This issue presents some selected topics from last year’s DGPPN Congress in November 2012, which might be of interest for the broad readership of our journal. Bridging the area of expertise between Neurology and Psychiatry, Hellmann-Regen et al. [1] deal with depressive syndromes representing a common feature in several neurological disorders. The most prominent example is the post-stroke depression on the one hand, while on the other hand, depression itself is a risk factor for developing cardiovascular diseases and ischemia. Depressive symptoms are also often related to other neurological conditions such as epilepsy, multiple sclerosis and Parkinson’s disease with impact on outcome and quality of life. Besides interesting findings of brain regions involved in the pathophysiology of this comorbidity, the authors also offer treatment recommendations. Deciphering the neuropathology of conversion of pre-clinical Alzheimer’s disease (AD) to clinical AD may lead to the development of new therapeutic strategies. Thal et al. [2] compared clinical AD, non-demented preclinical AD and non-AD control cases with respect to neuropathological alterations. They defined clinical AD to exhibit late stages of neurofibrillary tangles, amyloid and neuritic plaque pathology. In contrast, preclinical AD displays early stages of these lesions, but early neurofibrillary tangles, granulovascular degeneration and amyloid angiopathy without amyloid plaques can also be detected in non-AD controls, representing a pre-amyloid plaque stage. Additionally, the presence of soluble/dispersible Aß aggregates in the neuropil plays a role in the conversion of preclinical AD to full AD.

The genetic background has an important influence on pathophysiological processes. In schizophrenia, heritability estimates amount from 60 to 80 %. Schwab and Wildenauer [3] update results from recent multistage genome-wide association studies, according to which a set of 8300 independent SNPs contribute to a schizophrenia liability of 32 %. Several of these genes have meanwhile been confirmed, such as ZNF804A, TCF4 (encoding a transcription factor), the MHC region, CACNA1C (encoding calcium channel, voltage dependent, L-type, alpha 1C subunit) and ITIH3-ITIH4 (encoding inter-alpha globulin inhibitors H3 and H4). Same applies to ANK3 (encoding ankyrin 3) and the MIR137, encoding a microRNA which is a regulator of neuronal development. Further studies combining larger samples with deep sequencing technologies will extend our knowledge on the genetic background of psychiatric disorders. Also, gene–environmental interactions have been deemed an important factor in the pathophysiology of schizophrenia. Malchow et al. [4] investigated the impact of familial load and cannabis abuse on volumes of subcortical brain regions in first-episode patients. Patients with a family history of schizophrenia combined with previous cannabis abuse showed smaller volumes of the bilateral caudate nucleus compared to all other patients, implicating an interaction between the genetic background and cannabis abuse as environmental factor. The identified brain region plays an important role in the corticothalamic-cortical circuit, and dysfunction of the caudate nucleus may lead to disinhibition of the thalamus in schizophrenia.

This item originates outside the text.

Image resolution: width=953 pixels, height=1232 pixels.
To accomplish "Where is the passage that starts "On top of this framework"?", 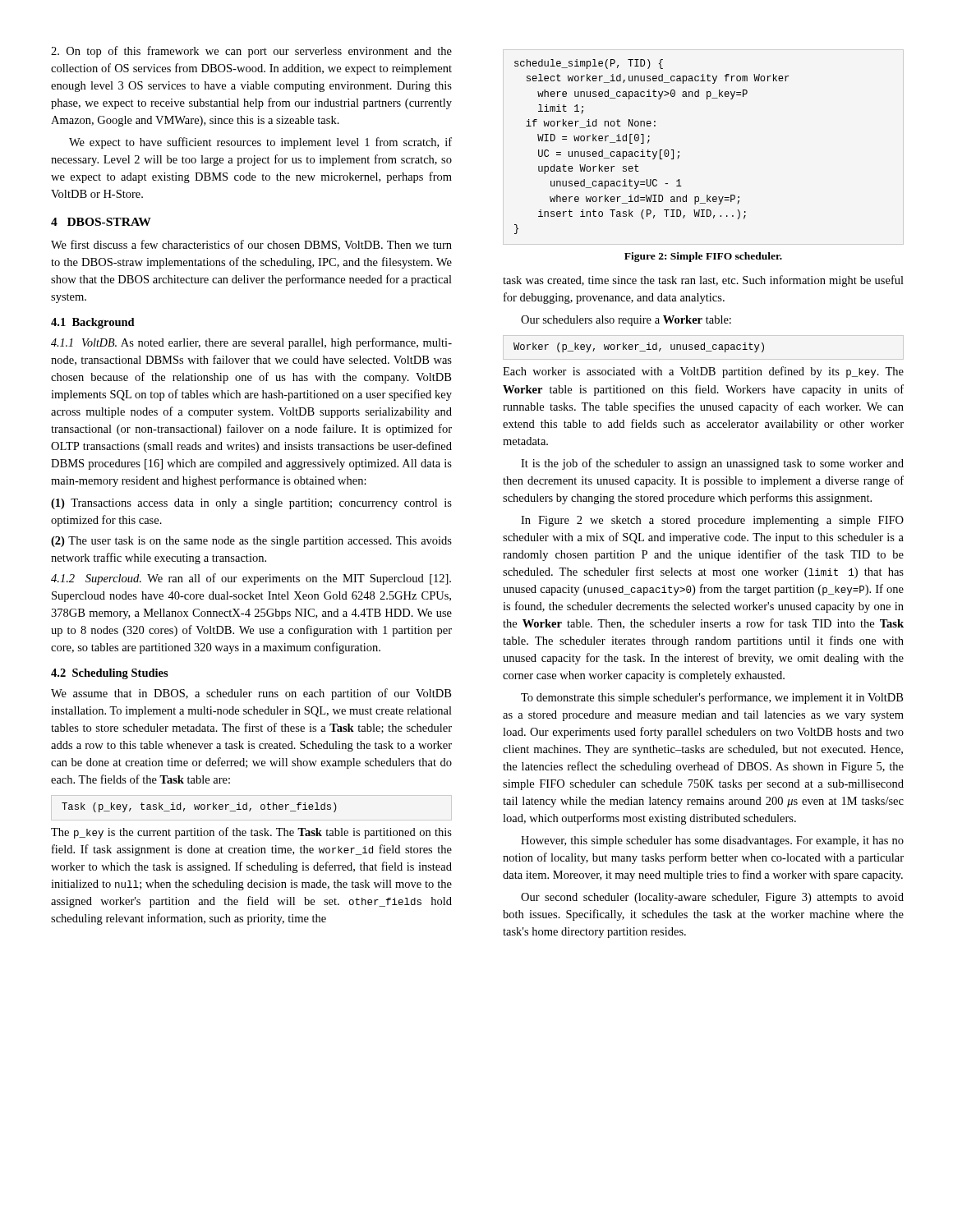I will pos(251,123).

The neuropeptide oxytocin has been shown to be important for social cognition. Presenting direct versus averted gaze pictures to healthy probands, Montag et al. [5] in a fMRI study investigated the impact of the promoter region of the oxytocin receptor gene on individual differences in the recorded BOLD signal. A genetic variation of the gene modulated right amygdala activity with carriers of the heterozygous CT variant and showed higher activity than the TT group. In the literature, a pronounced amygdala activation has been observed in autistic individuals being confronted with direct gaze pictures in the fMRI setting. In adults with Asperger syndrome, Hermann et al. [6] detected intact automatic processing of novel metaphors. Van Elst et al. [7] review characteristics of autism spectrum disorder such as deficits in social cognition and competence as well as highly circumscribed interests and a strong desire for routines. The authors outline first treatment concepts for high-functioning autism that is associated with psychiatric diseases such as depression, anxiety, ADHD, psychotic symptoms or emotionally unstable syndromes. As a consequence of these symptoms, deficits in social cognition subsequently lead to social deficits and unemployment in high-functioning autism. Vogeley et al. [8] suggest to develop supported employment programs for these patients, comprising the adequate neuropsychological profile, adjustment to individual preferences plus workplace requirements, systematic communication and interaction training as well as instruction of colleagues and supervisors.

Besides psycho- and sociotherapy, in moderate physical aerobic exercise, first beneficial evidence for, e.g., increased hippocampus volume or improved cognition and negative symptoms, has been demonstrated recently. Bär et al. [9] review the prevalence of psychiatric diseases among elite athletes and examine the specific aspects of psychiatric disorders in the context of overtraining. Besides the amount of exercise, further research on other confounding environmental conditions in athletes is warranted.

Regrettably, we here could illustrate only a small selection of many highlights of last year’s DGPPN Congress, and we hope that our readers will enjoy the widespread and multifaceted program of the upcoming Congress in November 2013 in Berlin.